Sweet Potato Pie with Toasted Marshmallow Meringue
Charisse's Arkansas trip worked out really well for the holiday season because she came back with this idea for a sweet potato pie. Sweet potato? In a pie? Eric was skeptical, especially when it the bag of marshmallows came out for the topping. Eric was wrong to be skeptical, very wrong. As it turned out, in addition to all the yummy fried food and other interesting dishes they have in Arkansas (we'll have to do Arkansas Sloppy Joes one day...) they also have pie. Wonderful glorious pie. Charisse thinks they should change their slogan from "The Natural State" to "The Pie State". She had pie of every kind imaginable; apple pie, pumpkin pie, Frito pie. Frito pie? Yup. Pie made with all natural organic Fritos. Okay, so maybe we're exaggerating, Fritos are not organic nor are they all natural but hey, close enough for government work. Anyways, Charisse put this pie together based on her experiences there, and it really blew our minds. It looks like pumpkin pie, it even smells like it. Its got the same consistency and color, but the taste is wildly different. Its a surprise in your mouth... the good kind! But what REALLY made this stand out was the Meringue.It is like eating the marshmallows out of a fresh smore and has become the new must have for our fall pies.

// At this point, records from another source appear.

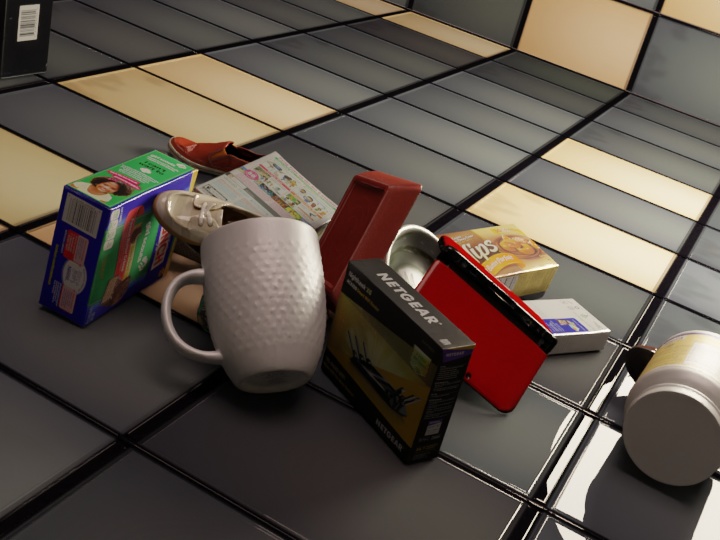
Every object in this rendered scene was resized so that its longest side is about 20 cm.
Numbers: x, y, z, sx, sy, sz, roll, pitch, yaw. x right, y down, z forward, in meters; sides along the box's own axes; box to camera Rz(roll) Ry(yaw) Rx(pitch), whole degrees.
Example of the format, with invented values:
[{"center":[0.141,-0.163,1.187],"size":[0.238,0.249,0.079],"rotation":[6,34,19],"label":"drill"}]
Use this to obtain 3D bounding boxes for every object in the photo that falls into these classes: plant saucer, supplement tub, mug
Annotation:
[{"center":[0.078,0.040,1.385],"size":[0.050,0.202,0.200],"rotation":[-21,4,34],"label":"plant saucer"},{"center":[0.420,0.174,1.292],"size":[0.144,0.147,0.199],"rotation":[26,27,20],"label":"supplement tub"},{"center":[-0.009,-0.045,1.362],"size":[0.036,0.202,0.199],"rotation":[29,1,-20],"label":"plant saucer"},{"center":[-0.136,0.049,1.193],"size":[0.197,0.148,0.178],"rotation":[-2,66,-16],"label":"mug"}]

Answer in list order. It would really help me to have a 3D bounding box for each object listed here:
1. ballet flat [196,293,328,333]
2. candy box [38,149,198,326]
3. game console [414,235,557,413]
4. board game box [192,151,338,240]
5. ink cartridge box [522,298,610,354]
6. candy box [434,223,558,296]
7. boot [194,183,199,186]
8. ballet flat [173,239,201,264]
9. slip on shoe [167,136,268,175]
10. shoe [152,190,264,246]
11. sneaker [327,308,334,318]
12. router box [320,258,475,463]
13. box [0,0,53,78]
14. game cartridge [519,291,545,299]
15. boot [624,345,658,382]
[{"center":[-0.119,0.039,1.329],"size":[0.198,0.076,0.068],"rotation":[-2,30,-34],"label":"ballet flat"},{"center":[-0.304,-0.046,1.283],"size":[0.076,0.171,0.200],"rotation":[26,27,11],"label":"candy box"},{"center":[0.154,0.068,1.366],"size":[0.200,0.119,0.172],"rotation":[41,8,-6],"label":"game console"},{"center":[-0.135,-0.080,1.436],"size":[0.147,0.065,0.200],"rotation":[41,35,11],"label":"board game box"},{"center":[0.270,0.084,1.511],"size":[0.198,0.040,0.100],"rotation":[1,30,-32],"label":"ink cartridge box"},{"center":[0.197,-0.009,1.556],"size":[0.198,0.056,0.116],"rotation":[-10,43,-38],"label":"candy box"},{"center":[-0.185,-0.049,1.495],"size":[0.198,0.066,0.165],"rotation":[26,34,3],"label":"boot"},{"center":[-0.203,-0.033,1.414],"size":[0.198,0.046,0.068],"rotation":[22,56,-10],"label":"ballet flat"},{"center":[-0.241,-0.200,1.755],"size":[0.197,0.062,0.074],"rotation":[19,27,10],"label":"slip on shoe"},{"center":[-0.164,-0.060,1.271],"size":[0.198,0.053,0.071],"rotation":[19,56,-30],"label":"shoe"},{"center":[0.000,0.000,1.443],"size":[0.074,0.091,0.201],"rotation":[26,26,-19],"label":"sneaker"},{"center":[0.038,0.103,1.199],"size":[0.052,0.159,0.200],"rotation":[-4,31,-36],"label":"router box"},{"center":[-0.701,-0.497,1.922],"size":[0.197,0.202,0.123],"rotation":[26,28,23],"label":"box"},{"center":[0.190,-0.003,1.643],"size":[0.197,0.041,0.134],"rotation":[5,31,-23],"label":"game cartridge"},{"center":[0.487,0.135,1.501],"size":[0.186,0.069,0.200],"rotation":[21,25,12],"label":"boot"}]

Sweet Potato Pie with Toasted Marshmallow Meringue What You Will Need
4 ounces butter, softened 2 cups cooked and mashed sweet potatoes 2 cups granulated sugar 1 small can (5 ounces, about 1/2 cup plus 2 tablespoons) evaporated milk 1 teaspoon vanilla 3 eggs, beaten 1 1/2 teaspoons cinnamon 1 batch of your favorite pie crust ( I used a recipe from smitten kitchen http://smittenkitchen.com/2008/11/pie-crust-102-all-butter-really-flaky-pie-dough/ ) 1 cup marshmallows 1 Tbs milk
3 egg whites
1/4 cup sugar
pinch of salt
1 tsp vanilla
Preheat oven to 450*
Roast sweet potatoes until tender and skins slip off easily, let cool
Lower oven temperature to 350*
In a large mixing bowl combine the butter, potatoes, sugar and evaporated milk until well blended. Add vanilla, eggs, and cinnamon and mix well. Pour into the prepared pie shell and bake for about 1 hour or until the center is set. Let cool completely before topping with meringue.
For the meringue, melt the marshmallows and milk over medium heat until smooth and combined. Set aside.
In a separate bowl, whip the egg whites slowly adding the sugar until stiff peaks form, mix in the salt and vanilla as well. Gently fold in the marshmallows until combined. Top pie and using a creme brulee torch, brown the meringue until golden brown.